وَأُولَاتُ الْأَحْمَالِ أَجَلُهُنَّ أَن يَضَعْنَ حَمْلَهُنَّ















dan juga perempuan – perempuan yang berbadan dua itu ‘iddah mereka hingga mereka melahirkan. (ath thalaq: 4)















kami jawab : trik pengambilan dalil serupa di atas sama sekali tidak pas dalam menempatkan keumuman ayat dan juga condong kepada pemaksaan dalil.















kesatu : ayat di atas buat wanita yang berbadan dua dari hasil nikah bukan buat perempuan – perempuan yang berbadan dua dari hasil zina. karna di dalam nikah itu ada thalaq, nafkah, tempat tinggal, ‘iddah, nasab, waris dan juga kewalian. sebaliknya di dalam zina tidak terdapat seluruhnya itu tercantum tidak terdapatnya ‘iddah.















inilah perbandingan yang mendasar antara perkawinan dengan perzinaan. ayat di atas senantiasa di dalam keumumannya terhadap perempuan – perempuan yang berbadan dua di – thalaq suaminya, hingga ‘iddah – nya hingga ia melahirkan setimpal keumuman ayat ia atas walaupun ayat yang lain (Al baqarah : 234) menegaskan kalau perempuan – perempuan yang kematian suaminya ‘iddahnya 4 bulan 10 hari.

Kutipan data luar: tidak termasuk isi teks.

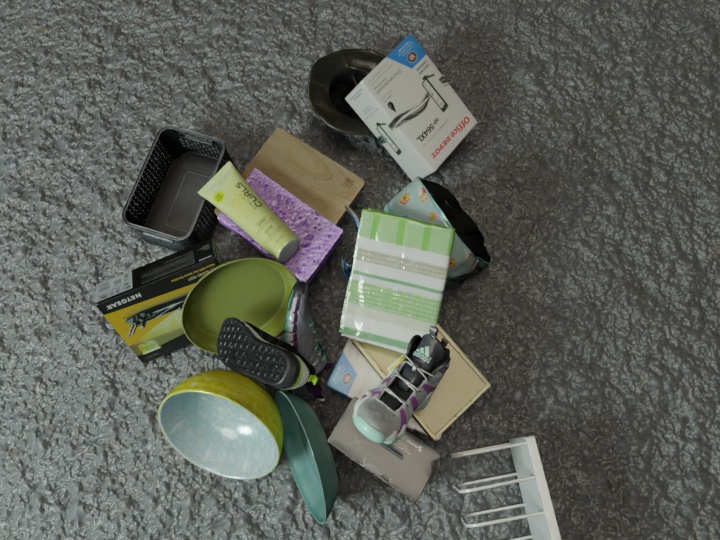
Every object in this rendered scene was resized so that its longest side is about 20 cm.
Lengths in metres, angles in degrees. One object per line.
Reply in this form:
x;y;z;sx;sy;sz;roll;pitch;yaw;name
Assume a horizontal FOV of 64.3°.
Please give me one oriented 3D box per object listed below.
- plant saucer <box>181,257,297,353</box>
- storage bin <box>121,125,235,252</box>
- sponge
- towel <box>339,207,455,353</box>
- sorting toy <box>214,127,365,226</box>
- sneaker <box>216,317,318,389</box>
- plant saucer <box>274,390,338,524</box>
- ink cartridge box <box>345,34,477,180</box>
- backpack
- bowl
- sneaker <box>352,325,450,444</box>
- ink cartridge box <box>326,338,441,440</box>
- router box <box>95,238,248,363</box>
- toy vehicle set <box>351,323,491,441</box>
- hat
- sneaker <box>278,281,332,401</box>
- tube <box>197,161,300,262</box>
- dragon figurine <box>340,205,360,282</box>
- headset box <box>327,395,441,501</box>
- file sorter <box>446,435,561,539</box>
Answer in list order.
-0.196;0.054;0.940;0.198;0.202;0.031;-29;47;-7;plant saucer
-0.325;-0.143;1.044;0.133;0.094;0.203;16;73;7;storage bin
-0.137;-0.076;0.977;0.199;0.030;0.112;35;78;11;sponge
0.054;0.019;0.863;0.146;0.031;0.204;14;104;10;towel
-0.124;-0.121;1.041;0.198;0.070;0.200;32;77;11;sorting toy
-0.145;0.136;0.883;0.198;0.082;0.073;25;91;39;sneaker
-0.078;0.273;0.862;0.035;0.200;0.203;-15;72;-22;plant saucer
0.094;-0.287;1.028;0.200;0.084;0.146;47;70;-13;ink cartridge box
0.115;-0.055;0.945;0.152;0.200;0.178;-33;75;10;backpack
-0.203;0.221;0.902;0.196;0.203;0.108;14;38;6;bowl
0.067;0.138;0.772;0.077;0.199;0.142;32;113;15;sneaker
0.057;0.185;0.942;0.197;0.067;0.117;26;74;10;ink cartridge box
-0.305;0.054;0.947;0.197;0.159;0.053;-22;45;-5;router box
0.094;0.147;0.904;0.124;0.027;0.201;-38;75;-11;toy vehicle set
-0.012;-0.325;1.095;0.196;0.081;0.205;4;73;-14;hat
-0.085;0.119;0.948;0.086;0.075;0.204;6;104;-7;sneaker
-0.183;-0.095;0.946;0.200;0.052;0.058;44;42;18;tube
0.000;0.000;0.953;0.098;0.059;0.202;-31;111;5;dragon figurine
0.035;0.264;0.850;0.147;0.200;0.076;31;76;12;headset box
0.211;0.362;0.848;0.122;0.139;0.204;-12;73;1;file sorter
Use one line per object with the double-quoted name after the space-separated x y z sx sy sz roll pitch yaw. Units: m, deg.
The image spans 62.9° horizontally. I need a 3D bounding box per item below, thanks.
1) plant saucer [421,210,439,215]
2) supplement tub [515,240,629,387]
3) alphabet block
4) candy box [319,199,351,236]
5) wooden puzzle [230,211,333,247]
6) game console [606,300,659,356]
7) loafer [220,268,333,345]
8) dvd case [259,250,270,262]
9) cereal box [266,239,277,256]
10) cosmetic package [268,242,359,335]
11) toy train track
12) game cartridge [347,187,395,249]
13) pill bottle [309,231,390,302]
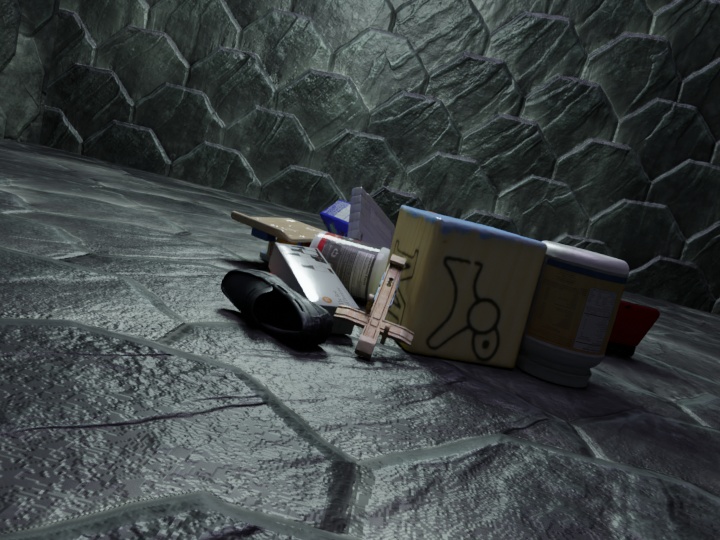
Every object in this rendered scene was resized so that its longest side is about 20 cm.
0.135 -0.015 1.145 0.037 0.203 0.199 -9 21 -36 "plant saucer"
0.325 0.066 0.930 0.143 0.203 0.145 13 9 -2 "supplement tub"
0.153 0.021 0.952 0.193 0.202 0.196 12 9 -15 "alphabet block"
0.004 -0.075 1.462 0.077 0.170 0.199 -38 33 -17 "candy box"
-0.155 -0.077 1.268 0.184 0.047 0.199 22 12 37 "wooden puzzle"
0.496 0.101 1.264 0.197 0.120 0.172 14 9 -4 "game console"
-0.125 0.043 0.801 0.199 0.069 0.070 24 3 33 "loafer"
-0.120 -0.006 1.306 0.141 0.018 0.199 8 9 -37 "dvd case"
-0.094 -0.032 1.315 0.198 0.040 0.144 15 9 9 "cereal box"
-0.077 0.023 0.916 0.082 0.051 0.200 5 26 -28 "cosmetic package"
0.033 0.039 0.837 0.113 0.033 0.201 20 43 4 "toy train track"
0.031 -0.076 1.276 0.038 0.131 0.200 -14 -33 24 "game cartridge"
0.000 0.000 1.145 0.198 0.112 0.111 16 9 13 "pill bottle"
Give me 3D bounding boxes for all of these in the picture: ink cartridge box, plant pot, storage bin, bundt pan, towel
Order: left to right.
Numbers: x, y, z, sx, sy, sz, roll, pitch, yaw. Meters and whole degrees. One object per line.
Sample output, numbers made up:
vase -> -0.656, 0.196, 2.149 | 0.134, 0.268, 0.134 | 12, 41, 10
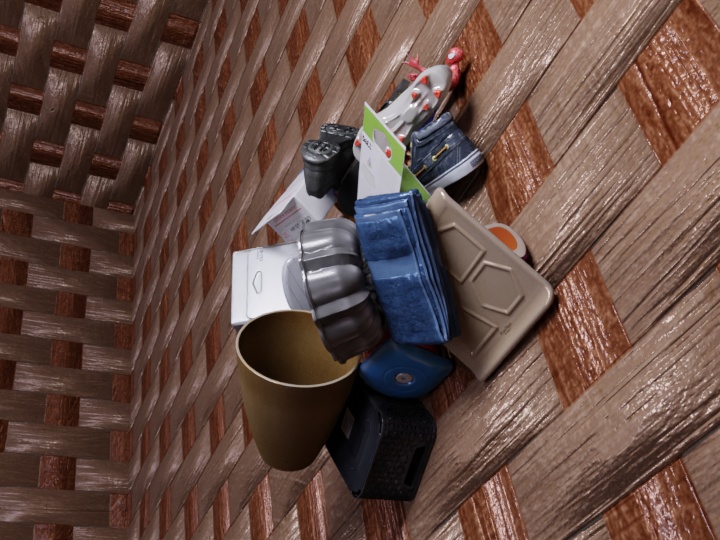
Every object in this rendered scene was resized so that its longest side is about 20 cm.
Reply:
ink cartridge box -> -0.133, 0.065, 1.495 | 0.201, 0.142, 0.148 | 64, -161, -58
plant pot -> -0.102, 0.194, 1.256 | 0.187, 0.183, 0.203 | -118, 32, -53
ink cartridge box -> -0.091, -0.122, 1.444 | 0.115, 0.068, 0.201 | -28, 22, 52
bundt pan -> -0.017, 0.019, 1.133 | 0.202, 0.074, 0.206 | -16, -89, -79
storage bin -> 0.020, 0.239, 1.265 | 0.200, 0.092, 0.138 | 46, 122, 60
ink cartridge box -> 0.055, -0.113, 1.162 | 0.148, 0.074, 0.203 | -122, 30, -49
towel -> 0.055, 0.000, 1.065 | 0.110, 0.048, 0.203 | -5, 109, 43

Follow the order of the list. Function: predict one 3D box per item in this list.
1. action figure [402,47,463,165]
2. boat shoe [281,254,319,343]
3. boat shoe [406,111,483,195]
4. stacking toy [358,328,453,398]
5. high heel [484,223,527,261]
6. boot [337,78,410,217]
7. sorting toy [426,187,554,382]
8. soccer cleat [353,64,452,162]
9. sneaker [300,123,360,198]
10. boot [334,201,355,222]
action figure -> 0.089, -0.267, 1.303 | 0.202, 0.098, 0.066 | -60, 4, 31
boat shoe -> -0.075, 0.064, 1.337 | 0.203, 0.071, 0.071 | 66, 167, -19
boat shoe -> 0.095, -0.159, 1.242 | 0.092, 0.071, 0.199 | 56, 142, -4
stacking toy -> 0.066, 0.077, 1.239 | 0.110, 0.114, 0.203 | -49, 28, 43
high heel -> 0.161, -0.015, 1.127 | 0.200, 0.066, 0.098 | 37, 143, 59
boot -> 0.034, -0.203, 1.403 | 0.175, 0.068, 0.202 | -66, 1, -55
sorting toy -> 0.132, 0.019, 1.069 | 0.200, 0.036, 0.186 | 45, 133, 14
soccer cleat -> 0.067, -0.229, 1.250 | 0.199, 0.069, 0.078 | -40, 4, 35
sneaker -> -0.048, -0.184, 1.383 | 0.200, 0.075, 0.092 | -45, -32, -54
boot -> -0.019, -0.065, 1.457 | 0.200, 0.070, 0.146 | 10, 71, 58
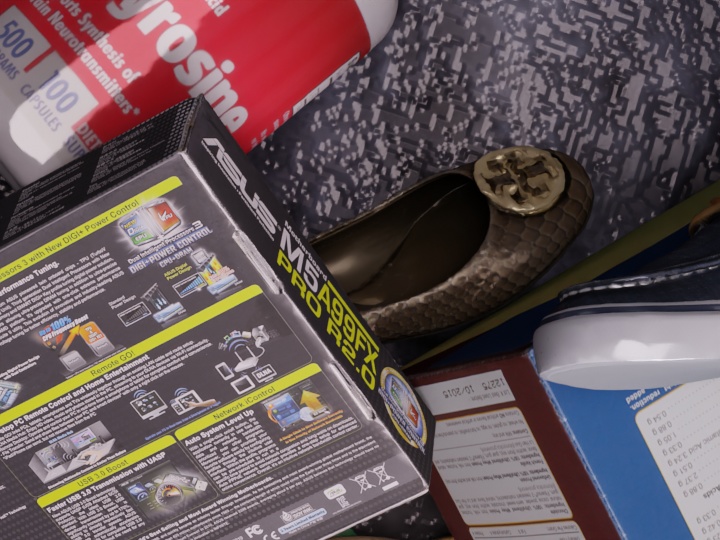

hendak namun wanita tersebut kala suaminya meninggal dalam kondisi berbadan dua hingga keumuman ayat di ataslah yang digunakan. ataupun ayat di atas senantiasa di dalam keumumannya oleh sebagian ulama terhadap wanita yang berzina kemudian berbadan dua setelah itu dinikahi oleh pria yang bukan menghamilinya sebagaimana hendak tiba keterangannya di peristiwa kelima, wallahu a’lam.















kedua : telah terjalin ijma’ shahabat berbarengan para ulama tentang bolehnya untuk seseorang pria menikahi wanita yang ia hamili lantaran zina.















bacalah keterangan – keterangan kami di wajah mengiringi apa yang telah dikatakan oleh imam ibnu abdil bar kalau dalam perihal ini telah terjalin ijma’ ulama. dan juga anehnya tidak terdapat seseorang juga di antara mereka yang berdalil dengan ayat di atas buat melarang ataupun mengharamkannya kecuali sehabis wanita itu melahirkan anaknya! ?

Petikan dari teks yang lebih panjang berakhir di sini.